Be careful when modifying cost constants, as a number of your query plans could change for the worse! This is shown here for demonstration purposes; in most production situations you will be better served by adding a query hint.

Warning

Be careful to reset costs before proceeding onto the other examples:

UPDATE mysql.server_cost SET cost_value=NULL WHERE cost_name='row_evaluate_cost'; FLUSH OPTIMIZER_COSTS; # close session

Metadata and Statistics

As demonstrated in Example 3, the distribution of data can affect the cost of execution plans. The optimizer makes use of both the data dictionary and statistics to as part of its decision process.

Metadata

  Index Information Uniqueness Nullability
Description The dictionary provides a list of indexes per table. If an index is unique, it can be used as part of a permanent transformation, shortcutting some parts of planning. The optimizer needs to handle potential null values correctly. Nullability of a column can affect the use of some execution plans.

Statistics

  Table Size Cardinality Range Estimates
Description Provides an estimate of the total table size. Samples a small number of random pages (default 20), and extrapolates to determine the number of unique values in the indexed column. The optimizer provides InnoDB with a minimum and a maximum value and receives back an estimate of the number of rows in the range.
Used For All Columns Indexed Columns Indexed Columns
Calculated In advance In advance On demand
Automatically Updated During Regular Operation [3] After 10% of the table has changed N/A
Manually Updated ANALYZE TABLE ANALYZE TABLE N/A
Configuration Options N/A Number of pages to sample [4] Maximum # of index dives [5] Maximum memory usage [6]
Accuracy Least Accurate Can be subject to distribution skew Most Accurate
Commonly Used For Determining table scan cost. May be used for join order (largest table first) when lack of indexes. Determining join order. Also used when range estimates exceed maximum # of index dives. Used to evaluate predicates (i.e., it looks at the possible indexes that could be used, and estimates how many rows would match). A range estimate was used to determine that population > 5000000 should not use an index.

Tip

Because of statistics, seemingly identical queries in QA and production may execute very differently. Even a query plan in production can change over time as data distribution does.
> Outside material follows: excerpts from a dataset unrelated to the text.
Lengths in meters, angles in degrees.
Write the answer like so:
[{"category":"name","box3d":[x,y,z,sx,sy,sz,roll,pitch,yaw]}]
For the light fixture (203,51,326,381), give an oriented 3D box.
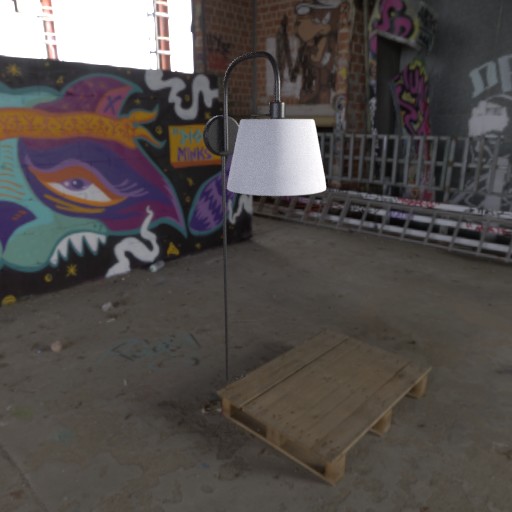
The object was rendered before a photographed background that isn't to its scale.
[{"category":"light fixture","box3d":[0.000,0.000,0.472,0.092,0.399,0.176,-8,19,-26]}]
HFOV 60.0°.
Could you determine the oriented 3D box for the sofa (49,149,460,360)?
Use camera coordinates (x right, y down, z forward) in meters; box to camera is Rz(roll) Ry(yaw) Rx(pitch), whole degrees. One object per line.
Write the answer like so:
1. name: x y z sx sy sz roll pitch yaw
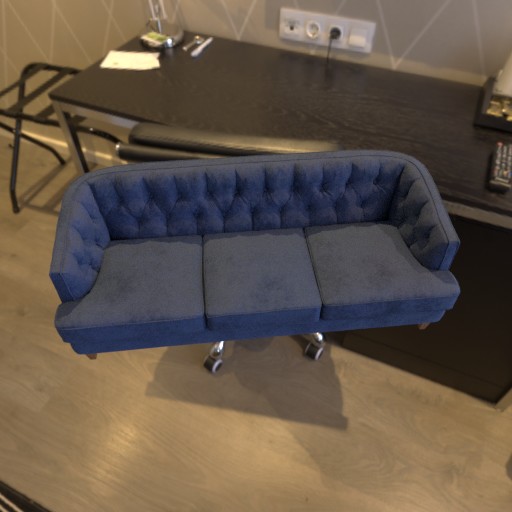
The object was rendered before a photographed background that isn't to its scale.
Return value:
1. sofa: 0.000 0.000 2.757 2.278 0.855 0.941 -4 48 -4
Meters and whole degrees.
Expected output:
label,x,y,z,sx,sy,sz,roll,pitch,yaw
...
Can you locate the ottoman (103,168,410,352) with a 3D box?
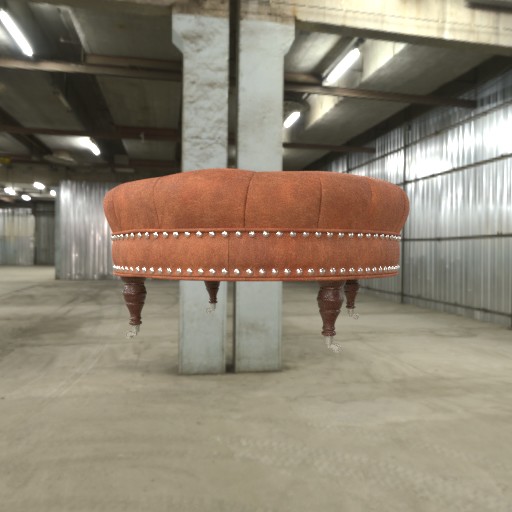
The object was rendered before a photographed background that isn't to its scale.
label,x,y,z,sx,sy,sz,roll,pitch,yaw
ottoman,0.000,0.000,1.377,0.901,0.444,0.901,0,0,0
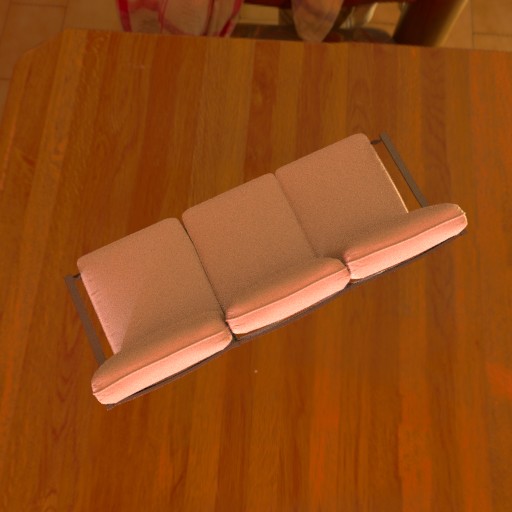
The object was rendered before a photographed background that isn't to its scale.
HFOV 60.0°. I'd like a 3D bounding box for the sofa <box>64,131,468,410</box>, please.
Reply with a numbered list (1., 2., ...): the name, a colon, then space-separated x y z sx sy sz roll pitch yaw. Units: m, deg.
1. sofa: 0.000 0.000 2.227 1.740 0.860 0.787 -25 77 -6
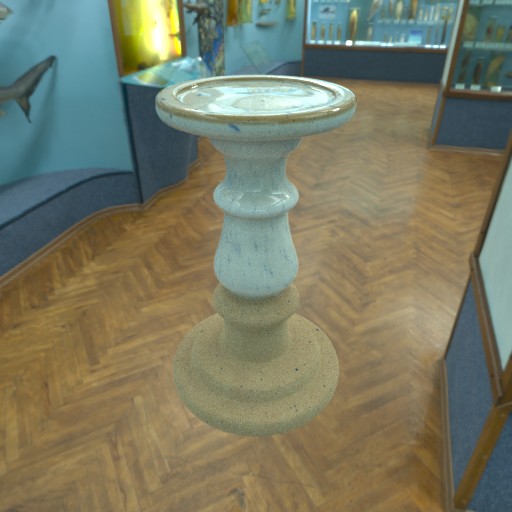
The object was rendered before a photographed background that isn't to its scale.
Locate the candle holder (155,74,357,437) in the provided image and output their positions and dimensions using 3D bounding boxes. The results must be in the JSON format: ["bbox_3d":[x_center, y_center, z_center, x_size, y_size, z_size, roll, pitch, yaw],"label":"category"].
[{"bbox_3d":[0.000,0.000,0.284,0.123,0.202,0.123,0,32,0],"label":"candle holder"}]
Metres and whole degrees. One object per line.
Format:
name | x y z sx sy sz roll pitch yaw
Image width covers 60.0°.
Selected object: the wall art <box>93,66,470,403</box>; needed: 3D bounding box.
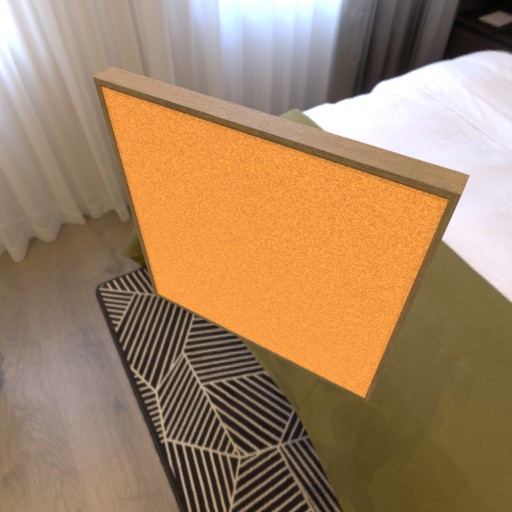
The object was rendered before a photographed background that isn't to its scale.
wall art | 0.000 0.000 0.737 0.507 0.507 0.037 23 52 19
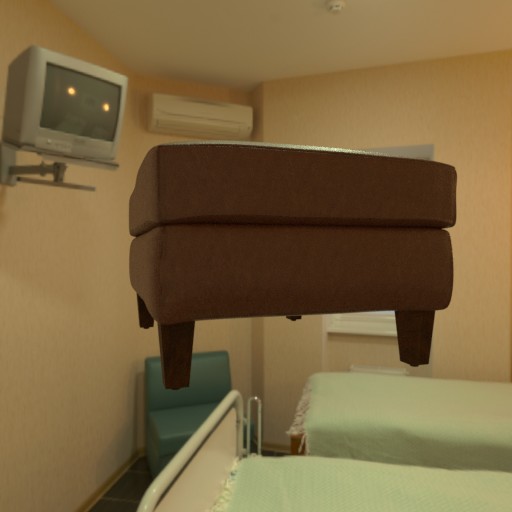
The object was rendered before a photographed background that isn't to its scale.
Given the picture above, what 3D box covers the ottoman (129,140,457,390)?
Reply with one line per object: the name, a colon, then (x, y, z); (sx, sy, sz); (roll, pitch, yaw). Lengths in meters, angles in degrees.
ottoman: (0.000, 0.000, 1.223); (0.650, 0.485, 0.851); (0, 1, -18)
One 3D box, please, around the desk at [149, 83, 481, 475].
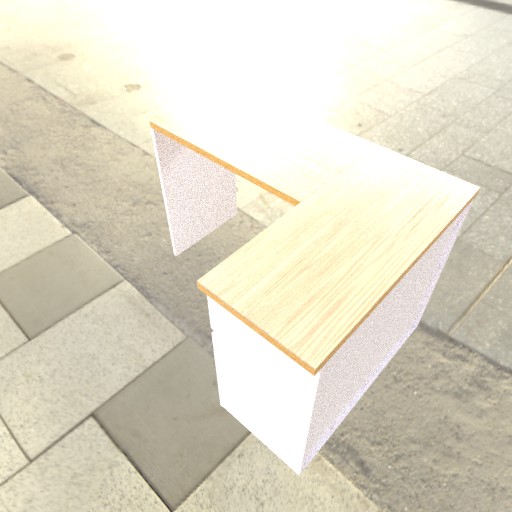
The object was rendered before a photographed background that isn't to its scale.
[{"bbox_3d":[0.000,0.000,1.762,1.170,0.760,0.900,33,54,28],"label":"desk"}]
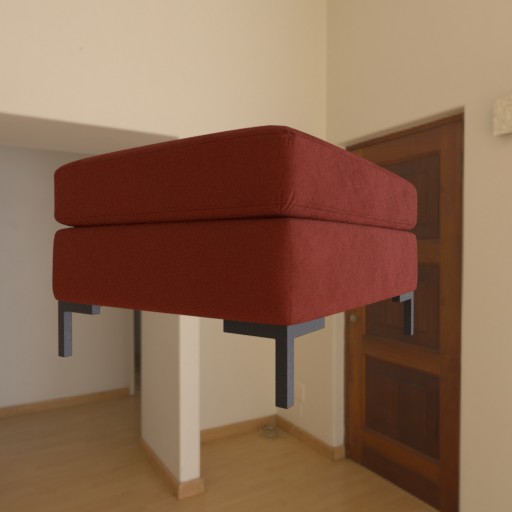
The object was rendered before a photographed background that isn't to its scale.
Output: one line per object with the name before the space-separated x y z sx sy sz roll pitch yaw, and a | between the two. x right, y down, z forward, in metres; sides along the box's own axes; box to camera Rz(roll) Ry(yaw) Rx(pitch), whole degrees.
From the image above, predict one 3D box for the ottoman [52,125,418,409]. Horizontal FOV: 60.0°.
ottoman | 0.000 0.000 1.156 0.650 0.462 0.782 1 1 34

[1]The default optimizer_prune_level=1. To disable this heuristic and evaluate all plans, set it to zero. http://dev.mysql.com/doc/refman/5.7/en/controlling-query-plan-evaluation.html
[2]The default optimizer_search_depth=64. Lower values may reduce plan evaluation time, as the cost of potentially less optimal plans.
[3]Statistic are updated during regular operation, but not in a manner which is guaranteed to be accurate.
[4]The number of pages sampled can be changed with innodb_stats_persistent_sample_pages. A higher value may produce more accurate estimates (at some increase to cost generation).
[5]The optimizer will switch to cardinality estimates when IN lists exceed eq_range_index_dive_limit items (default: 200).
[6]The range optimizer is limited to range_optimizer_max_mem_size (default: 8M). Queries that use multiple IN lists could exceed this, as the combination of options may be expanded internally.